6. Before we proceed further, it is apt to deal with the contentions of Mr. Nazeer Khan, learned counsel for A1. He would submit that there is no proof of motive and that the marriage between the deceased and LW11, Y. Sultana, is not established and that the evidence of the eyewitnesses is not credible as there are variations in regard to the specific overt acts attributed to A1 to A4 in the alleged incident of attack on the deceased and that the weapons of offence are referred to in the charge sheet and evidence collected as butchers knives whereas in the evidence before the Court, the witnesses mentioned that the weapons are knives and that the alleged eyewitnesses are implanted witnesses and that the complaint was not lodged till the next day morning and that, therefore, the prosecution failed to bring home the guilt of the accused beyond all reasonable doubt.

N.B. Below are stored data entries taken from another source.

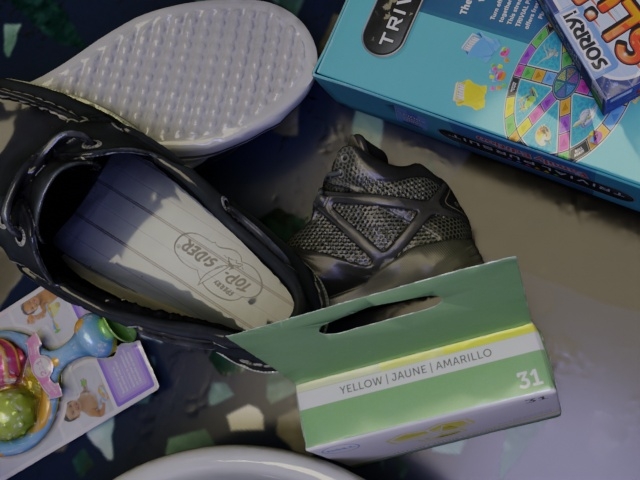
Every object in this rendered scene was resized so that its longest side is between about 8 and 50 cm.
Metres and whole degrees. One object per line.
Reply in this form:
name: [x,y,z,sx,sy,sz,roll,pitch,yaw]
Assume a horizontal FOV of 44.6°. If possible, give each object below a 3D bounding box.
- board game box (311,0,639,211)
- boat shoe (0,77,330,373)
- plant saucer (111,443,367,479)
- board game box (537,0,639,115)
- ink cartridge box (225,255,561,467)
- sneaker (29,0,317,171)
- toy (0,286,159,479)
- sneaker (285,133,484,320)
board game box: [0.198,-0.174,0.577,0.336,0.079,0.254,24,89,20]
boat shoe: [-0.146,-0.018,0.519,0.340,0.113,0.127,36,86,3]
plant saucer: [-0.046,0.351,0.577,0.400,0.100,0.400,-2,83,15]
board game box: [0.202,-0.203,0.518,0.136,0.035,0.201,-29,74,12]
ink cartridge box: [0.064,0.093,0.509,0.171,0.235,0.056,-17,66,12]
sneaker: [-0.158,-0.097,0.651,0.321,0.127,0.126,-22,83,-5]
toy: [-0.270,0.124,0.682,0.237,0.056,0.137,-30,76,9]
sneaker: [0.000,0.000,0.615,0.227,0.087,0.130,-19,78,8]
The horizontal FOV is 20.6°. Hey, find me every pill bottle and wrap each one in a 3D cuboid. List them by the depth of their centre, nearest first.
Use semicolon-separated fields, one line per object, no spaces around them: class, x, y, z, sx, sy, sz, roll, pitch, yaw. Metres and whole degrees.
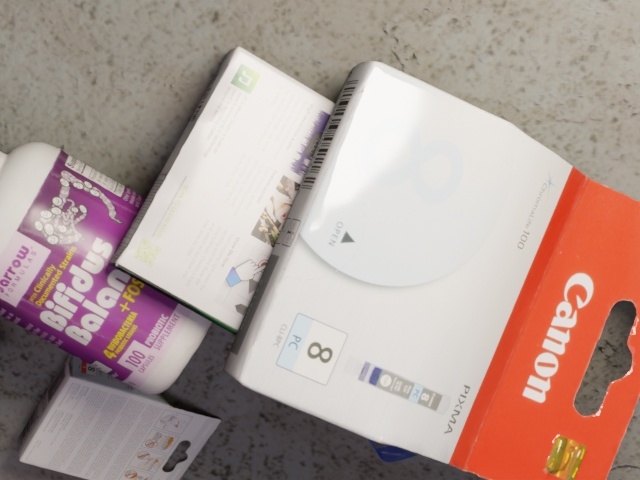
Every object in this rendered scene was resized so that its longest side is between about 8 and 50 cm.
pill bottle;-0.248;0.010;1.700;0.301;0.169;0.169;29;124;-11

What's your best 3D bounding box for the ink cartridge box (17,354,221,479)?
ink cartridge box;-0.219;0.203;1.918;0.179;0.045;0.145;17;127;-25

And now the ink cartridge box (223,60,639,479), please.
ink cartridge box;0.146;0.055;1.602;0.385;0.091;0.308;23;86;-11

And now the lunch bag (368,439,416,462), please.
lunch bag;0.096;0.185;1.824;0.098;0.065;0.067;-20;119;22

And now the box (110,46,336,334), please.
box;0.000;0.000;1.643;0.322;0.058;0.232;30;85;-10

6.1 We are not impressed with the said submissions in view of the fact that none of the submissions merit consideration in the light of the evidence that is adverted to supra, which is unswerving, credible and inspires confidence. Further, as rightly contended by the learned Public Prosecutor, there is no reason for the members of the family of the deceased to leave the real culprits, if any, and falsely implicate the accused in the crime. 6.2 Some other contentions urged by Mr. Nazeer Khan, learned counsel are akin to the contentions urged on behalf of A3. We therefore prefer to deal with said contentions while dealing with the contentions advanced on behalf of the said accused.
7. Now we shall deal with the contentions advanced by Mr. M.A. Bari, learned counsel appearing for A3.
Firstly: The first set of contentions is as under: Only two knives were brought to the scene by the alleged assailants. Only two knives were allegedly seized and marked. But, PW7s testimony that A1 to A4 came there and that A1 to A3 started stabbing the deceased with knives therefore cannot be accepted. The evidence of PW5 that A1 gave the knife to A3 and that on that A3 and A4 stabbed the deceased is artificial. Further, PW5 stated that A1 and A2 prevented him and others present from interfering. On the other hand, PW6 stated that A3 and A4 prevented him and others from interfering. However, PW7 stated that A1 and A4 prevented him and others from interfering while A2 and A3 are stabbing. Nevertheless, the evidence of PW6 also reflects that A1 gave the knife to A3; but, he did not state that A3 stabbed the deceased. The said discrepancies and inconsistencies show that the evidence brought on record is unreliable and does not establish the guilt of the accused beyond reasonable doubt. The prosecution relied upon MO5, cell phone, which was allegedly found lying at the scene of offence, and which was recovered from the scene of offence to link A3 with the offence. No reliable evidence was adduced to establish that the MO5 is that of A3.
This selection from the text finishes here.